I missed a whole day session on 'difficult conversations' when I was in New York having fun conversations about Chaucer, medievalism and why the Boston Red Soxs hate the Yankees so much (thanks, Frank!), and it became quite clear on Monday, when we had a whole day session on 'managing change', that Antony has taken off the gloves with which he was handling us all in the first half of the year, and by which he has been able to develop the reasonably safe and supportive environment that makes most of us, I think, actively anticipate and enjoy the sessions. One of the beauties of this course is that we get to work with people from different disciplines (I'm working on a project, for example, with an art historian, a botanist and an economist; and this has been great fun for me).

'Managing change', in 2006, is something every single member of the university is doing on a daily basis. We are undertaking a radical re-structure of our curriculum, shifting several areas (law, medicine, etc.) into graduate courses, abolishing concurrent combined degrees like arts/commerce, and ruling that all students must take 75 out of 300 points of their degree from some other Faculty. My own Faculty of Arts is also undertaking its own re-structure, so the Department of English will disappear at the end of 2006 and become something like the discipline of English Literary Studies in a school of Culture and Communication. We are also revising our entire undergraduate curriculum, and I must find a way of rationalising my smaller Chaucer subject with my larger Medievalism in Contemporary Culture (I'm thinking of a subject called Medieval Temporalities that would read, say, both Chaucer and Malory and post-Chaucerian and post-Malorian texts, plus work on medieval understandings of time and modern understandings of periodisation, etc.: watch this space). But it's a measure of the dramas unfolding every day this year that relatively calm committees are having fiery debates; issues are put to the vote where normally silence is taken as consent; and the budget for this Sunday's Discovery Day, when prospective students and parents come on campus, is about seven times bigger than usual.
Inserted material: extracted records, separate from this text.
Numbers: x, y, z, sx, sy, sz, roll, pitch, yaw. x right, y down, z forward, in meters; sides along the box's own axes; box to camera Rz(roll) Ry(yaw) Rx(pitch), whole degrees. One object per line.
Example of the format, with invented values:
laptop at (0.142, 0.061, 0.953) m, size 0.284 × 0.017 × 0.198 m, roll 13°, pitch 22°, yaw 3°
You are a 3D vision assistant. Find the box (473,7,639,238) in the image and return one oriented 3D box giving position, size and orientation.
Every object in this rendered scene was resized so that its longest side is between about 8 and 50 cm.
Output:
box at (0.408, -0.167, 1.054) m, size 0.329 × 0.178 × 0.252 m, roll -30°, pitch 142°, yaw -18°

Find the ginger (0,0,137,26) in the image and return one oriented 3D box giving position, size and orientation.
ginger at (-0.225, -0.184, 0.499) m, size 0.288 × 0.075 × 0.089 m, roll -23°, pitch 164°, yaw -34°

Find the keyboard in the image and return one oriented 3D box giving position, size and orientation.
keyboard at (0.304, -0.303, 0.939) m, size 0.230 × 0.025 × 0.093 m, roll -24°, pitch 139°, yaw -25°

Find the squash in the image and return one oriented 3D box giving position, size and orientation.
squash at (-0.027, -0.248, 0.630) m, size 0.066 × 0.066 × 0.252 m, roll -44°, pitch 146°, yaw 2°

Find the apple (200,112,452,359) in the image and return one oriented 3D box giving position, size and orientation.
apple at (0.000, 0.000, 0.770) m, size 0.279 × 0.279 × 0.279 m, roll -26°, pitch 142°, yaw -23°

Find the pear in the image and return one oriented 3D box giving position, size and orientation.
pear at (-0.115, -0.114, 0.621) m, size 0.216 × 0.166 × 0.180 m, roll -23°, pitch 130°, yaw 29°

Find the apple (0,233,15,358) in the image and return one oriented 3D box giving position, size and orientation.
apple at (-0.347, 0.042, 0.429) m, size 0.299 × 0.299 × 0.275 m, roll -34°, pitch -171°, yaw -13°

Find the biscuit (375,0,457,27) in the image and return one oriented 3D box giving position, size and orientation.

Monday's sessions involved a very canny kind of role-play. Like most academics, I hate the idea of white-paper sessions and full-on role play (and Headstart is brilliant at flattering academics by saying they know what they can and can't do with us). Our sessions involve not so much 'playing' at taking on some other personality, but rather performing (in a quasi-Butlerian way, almost) a position. We took as our example one of the Faculties that has really had to agonise over some of these changes, and all took turns at seeing the issues from the perspective of the vice-chancellor, the dean, a head of department, and a member of the teaching staff. Sometimes there would be three or four of us being the v-c, sometimes all but one of us were lecturers. We rehearsed the 'no-holds-barred' meeting where the v-c, dean and head met with the department to answer their queries, and learned how to give straight answers, addressing concerns without adding spin, or patronising the questioner. Antony would occasionally intervene and ask us to do question and answer again, or provoke debate by caricaturing what one of us had said, and even personalising his remarks to a degree. The dramatic high point came when one of the group had to sit in the middle of the room as head, and have the vice-chancellor, the dean and the whole of her department literally shouting at her with demands, questions, needs and desires.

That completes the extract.